What to do:
Two lines in the data below mark the range: the one with "0.83\lambda + 0.116 = 0$" and the one with "Answer: $1.0559$". Return both, along with every line between them, exactly.

Available records:
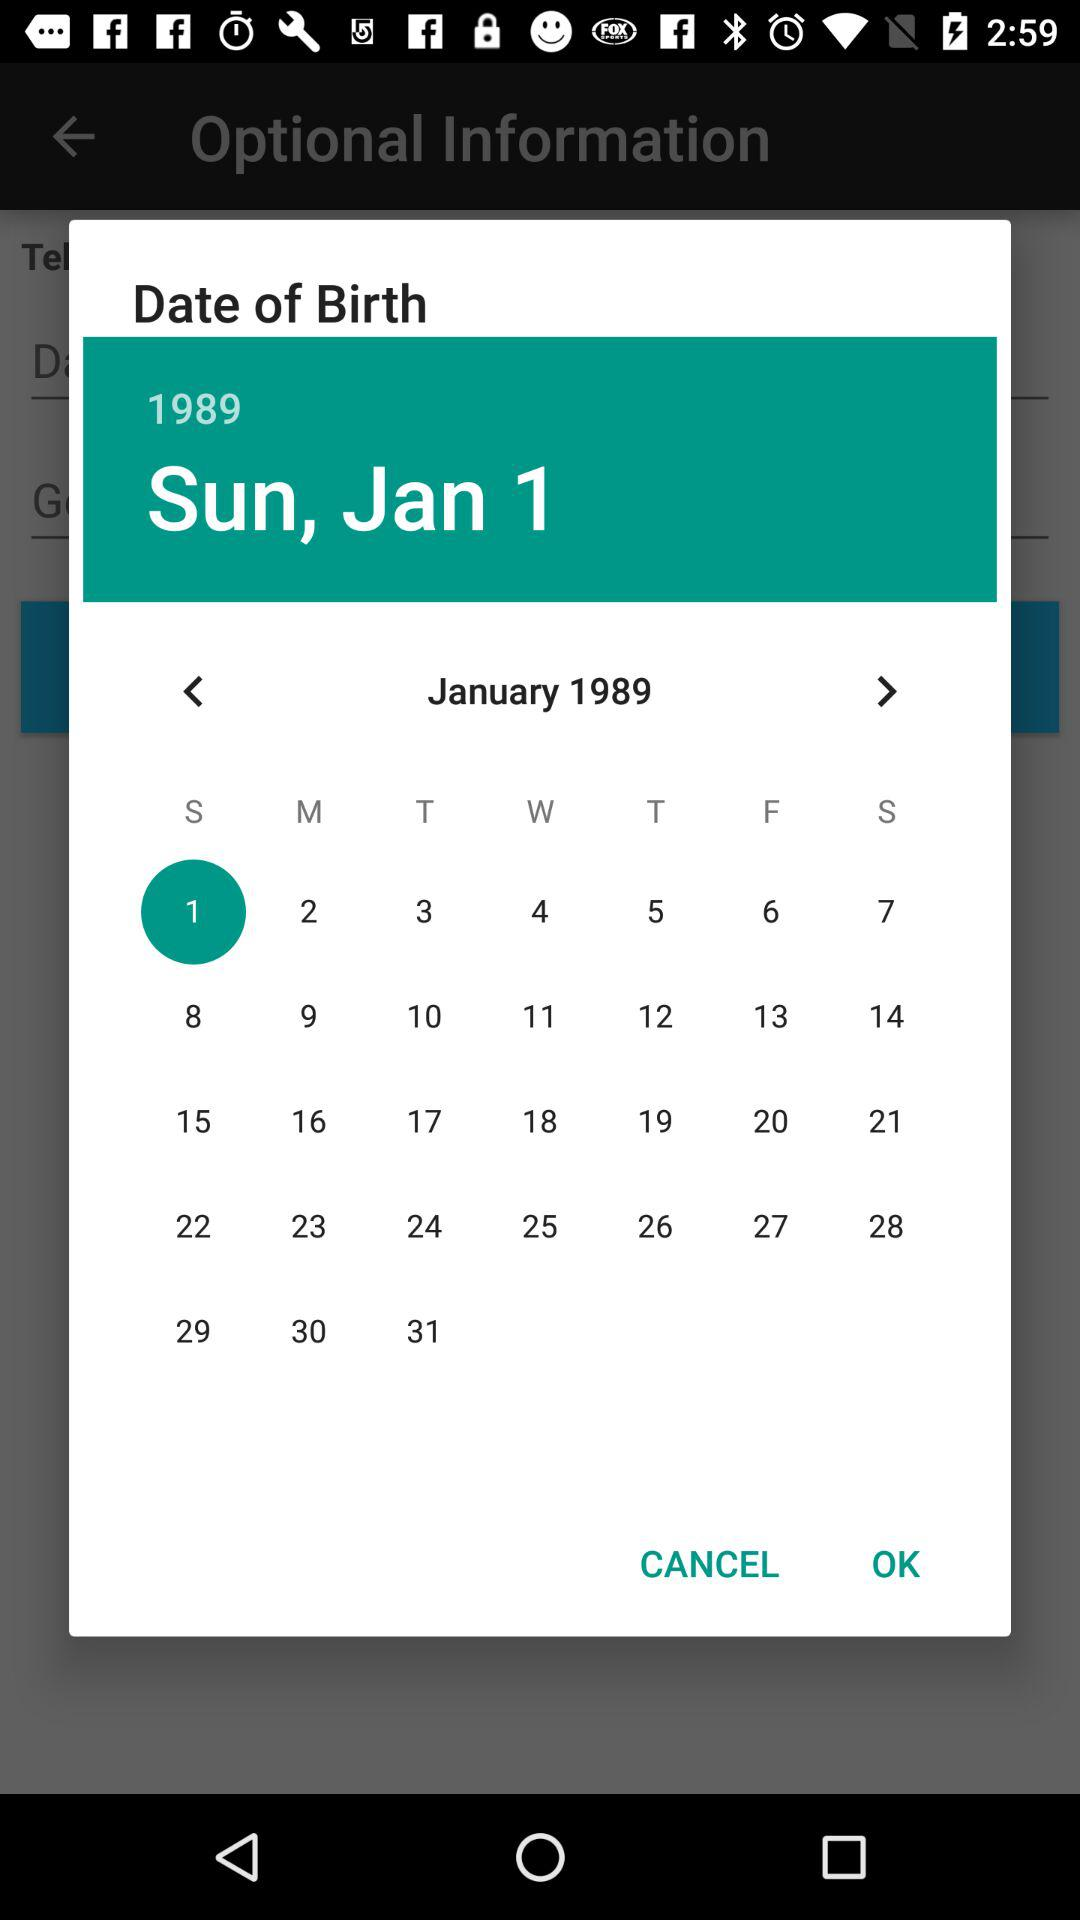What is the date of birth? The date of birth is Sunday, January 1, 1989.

---

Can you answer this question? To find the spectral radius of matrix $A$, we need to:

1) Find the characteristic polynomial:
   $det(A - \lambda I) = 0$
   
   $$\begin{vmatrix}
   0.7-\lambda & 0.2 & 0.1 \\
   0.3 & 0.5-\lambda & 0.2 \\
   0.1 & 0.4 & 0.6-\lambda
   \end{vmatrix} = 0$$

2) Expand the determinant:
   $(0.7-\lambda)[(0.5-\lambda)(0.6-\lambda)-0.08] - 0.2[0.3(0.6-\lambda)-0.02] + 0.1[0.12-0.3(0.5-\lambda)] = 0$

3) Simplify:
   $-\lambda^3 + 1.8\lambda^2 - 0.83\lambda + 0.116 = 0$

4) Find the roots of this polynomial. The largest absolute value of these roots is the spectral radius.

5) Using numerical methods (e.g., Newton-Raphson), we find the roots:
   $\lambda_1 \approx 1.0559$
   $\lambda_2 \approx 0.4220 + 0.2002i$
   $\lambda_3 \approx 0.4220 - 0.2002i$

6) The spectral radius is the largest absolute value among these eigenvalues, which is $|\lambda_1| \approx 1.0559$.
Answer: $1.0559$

Written response:
   $-\lambda^3 + 1.8\lambda^2 - 0.83\lambda + 0.116 = 0$

4) Find the roots of this polynomial. The largest absolute value of these roots is the spectral radius.

5) Using numerical methods (e.g., Newton-Raphson), we find the roots:
   $\lambda_1 \approx 1.0559$
   $\lambda_2 \approx 0.4220 + 0.2002i$
   $\lambda_3 \approx 0.4220 - 0.2002i$

6) The spectral radius is the largest absolute value among these eigenvalues, which is $|\lambda_1| \approx 1.0559$.
Answer: $1.0559$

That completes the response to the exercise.